> ASSIGNMENT
Every record is to be copied unchanged, except that its pictures are removed.

Data records:
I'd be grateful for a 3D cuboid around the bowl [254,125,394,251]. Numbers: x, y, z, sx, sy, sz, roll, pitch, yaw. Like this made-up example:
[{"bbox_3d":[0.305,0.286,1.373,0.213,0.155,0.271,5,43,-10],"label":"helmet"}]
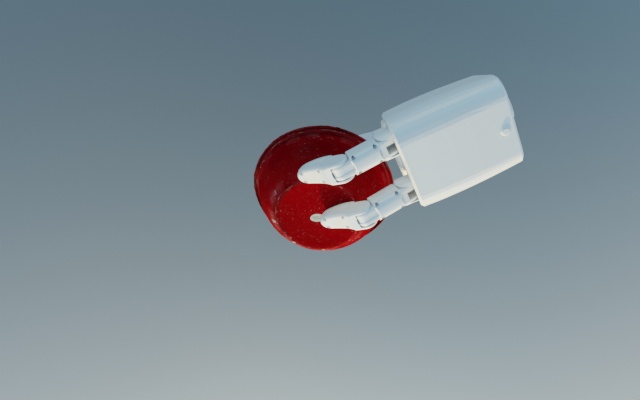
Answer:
[{"bbox_3d":[-0.001,0.003,0.527,0.162,0.162,0.055,0,34,8],"label":"bowl"}]
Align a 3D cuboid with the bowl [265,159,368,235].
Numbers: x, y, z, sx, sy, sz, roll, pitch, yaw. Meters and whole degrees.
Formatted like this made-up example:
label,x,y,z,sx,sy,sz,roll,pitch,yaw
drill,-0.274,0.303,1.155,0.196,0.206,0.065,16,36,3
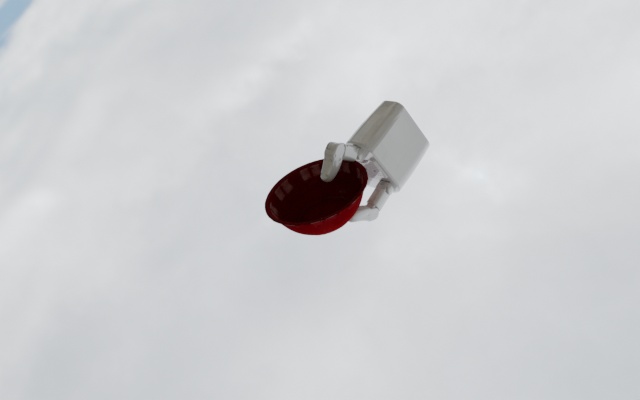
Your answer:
label,x,y,z,sx,sy,sz,roll,pitch,yaw
bowl,-0.001,0.003,0.723,0.162,0.055,0.162,-15,34,10

> EXERCISE OUTPUT
I'd be grateful for a 3D cuboid around the bowl [254,125,394,251]. Numbers: x, y, z, sx, sy, sz, roll, pitch, yaw. Like this made-up example:
[{"bbox_3d":[0.305,0.286,1.373,0.213,0.155,0.271,5,43,-10],"label":"helmet"}]
Answer:
[{"bbox_3d":[-0.001,0.003,0.527,0.162,0.162,0.055,0,34,8],"label":"bowl"}]
Align a 3D cuboid with the bowl [265,159,368,235].
Numbers: x, y, z, sx, sy, sz, roll, pitch, yaw. Meters and whole degrees.
Formatted like this made-up example:
label,x,y,z,sx,sy,sz,roll,pitch,yaw
drill,-0.274,0.303,1.155,0.196,0.206,0.065,16,36,3
Your answer:
label,x,y,z,sx,sy,sz,roll,pitch,yaw
bowl,-0.001,0.003,0.723,0.162,0.055,0.162,-15,34,10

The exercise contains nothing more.